━━ The data
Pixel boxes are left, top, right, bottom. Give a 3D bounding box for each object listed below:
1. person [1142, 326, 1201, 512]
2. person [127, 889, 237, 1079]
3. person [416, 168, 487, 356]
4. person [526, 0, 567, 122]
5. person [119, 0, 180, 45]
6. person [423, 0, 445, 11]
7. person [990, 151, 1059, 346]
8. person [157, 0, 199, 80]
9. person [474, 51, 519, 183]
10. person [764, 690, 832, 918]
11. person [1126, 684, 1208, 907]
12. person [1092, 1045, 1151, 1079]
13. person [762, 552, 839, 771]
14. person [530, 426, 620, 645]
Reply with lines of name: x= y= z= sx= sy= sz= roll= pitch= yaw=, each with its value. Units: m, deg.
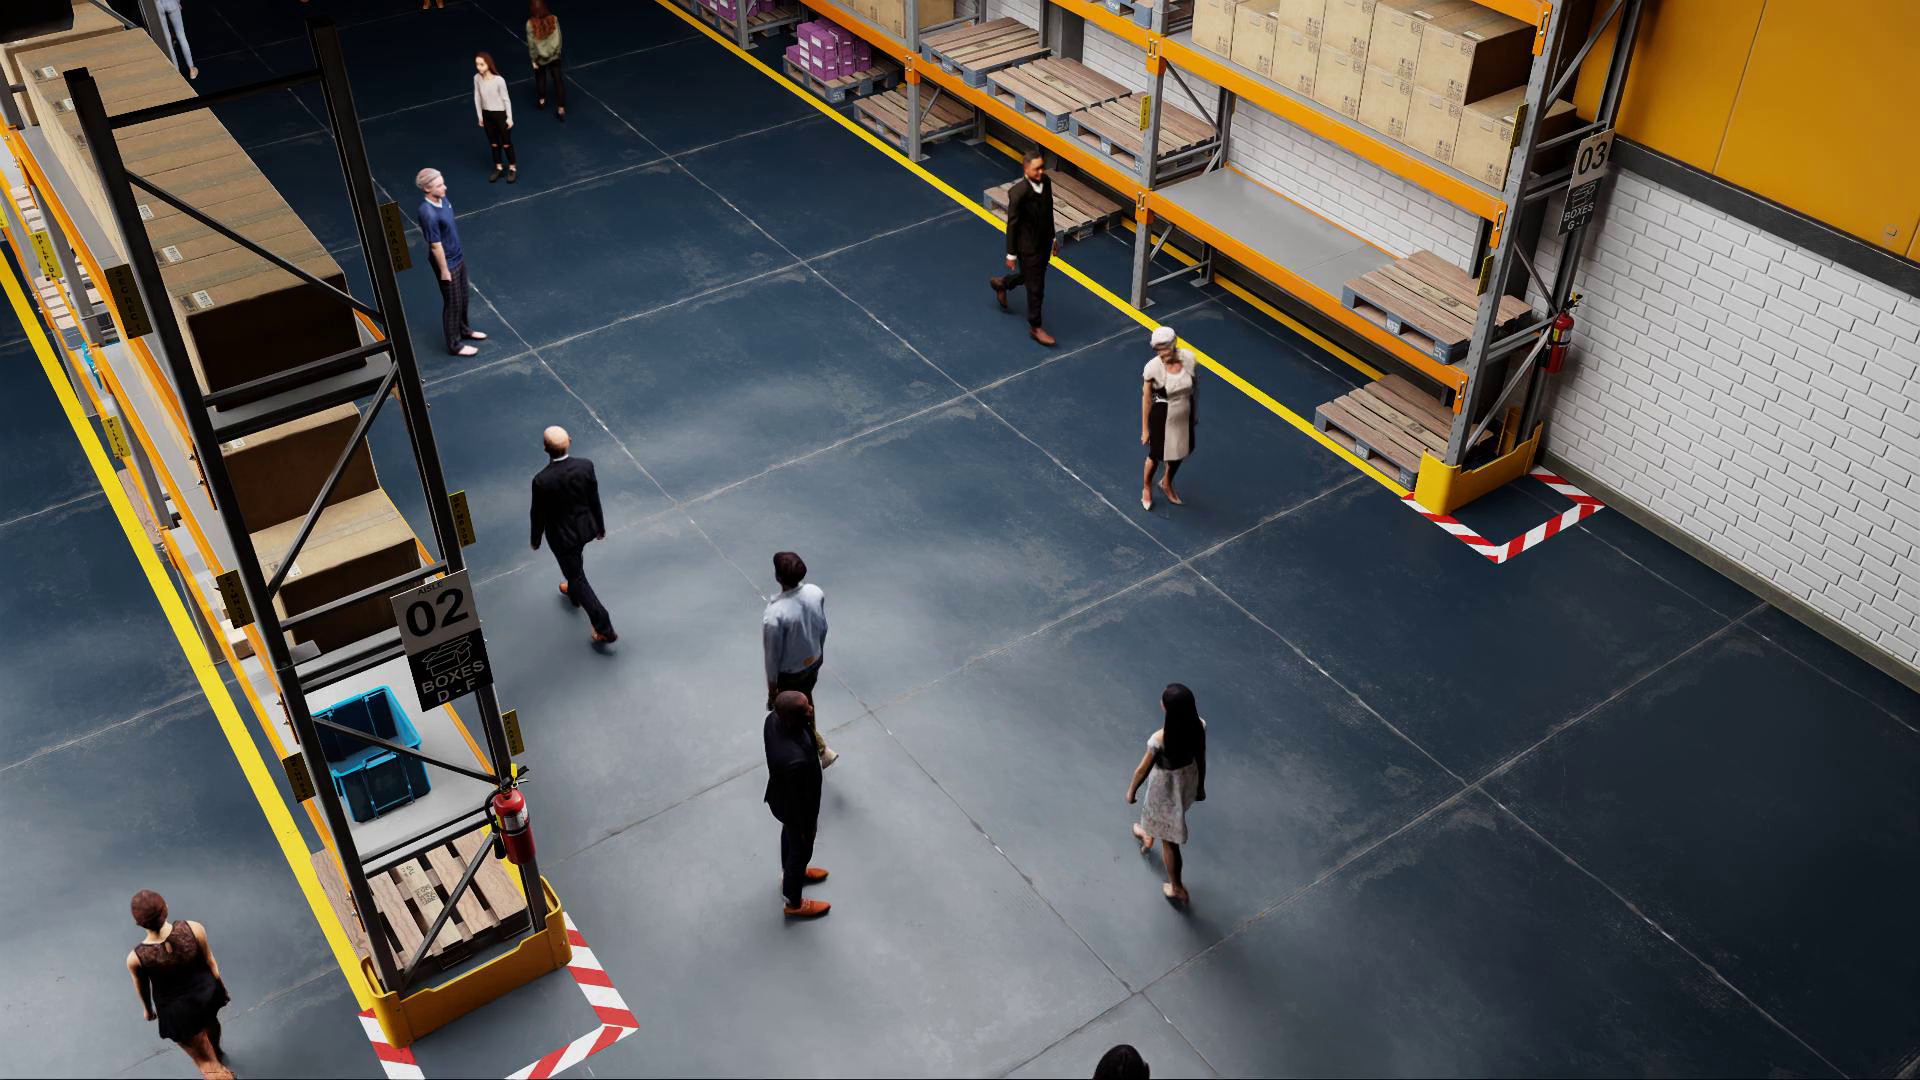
━━━━
In your copy of the records above, include no pictures and match every line exactly.

- [Result of the task]
Pixel boxes are left, top, right, bottom. Give a 3D bounding box for each object listed below:
1. person [1142, 326, 1201, 512]
2. person [127, 889, 237, 1079]
3. person [416, 168, 487, 356]
4. person [526, 0, 567, 122]
5. person [119, 0, 180, 45]
6. person [423, 0, 445, 11]
7. person [990, 151, 1059, 346]
8. person [157, 0, 199, 80]
9. person [474, 51, 519, 183]
10. person [764, 690, 832, 918]
11. person [1126, 684, 1208, 907]
12. person [1092, 1045, 1151, 1079]
13. person [762, 552, 839, 771]
14. person [530, 426, 620, 645]
Reply with lines of name: x= y= z= sx= sy= sz= roll= pitch= yaw=, each with its value. Units: m, deg.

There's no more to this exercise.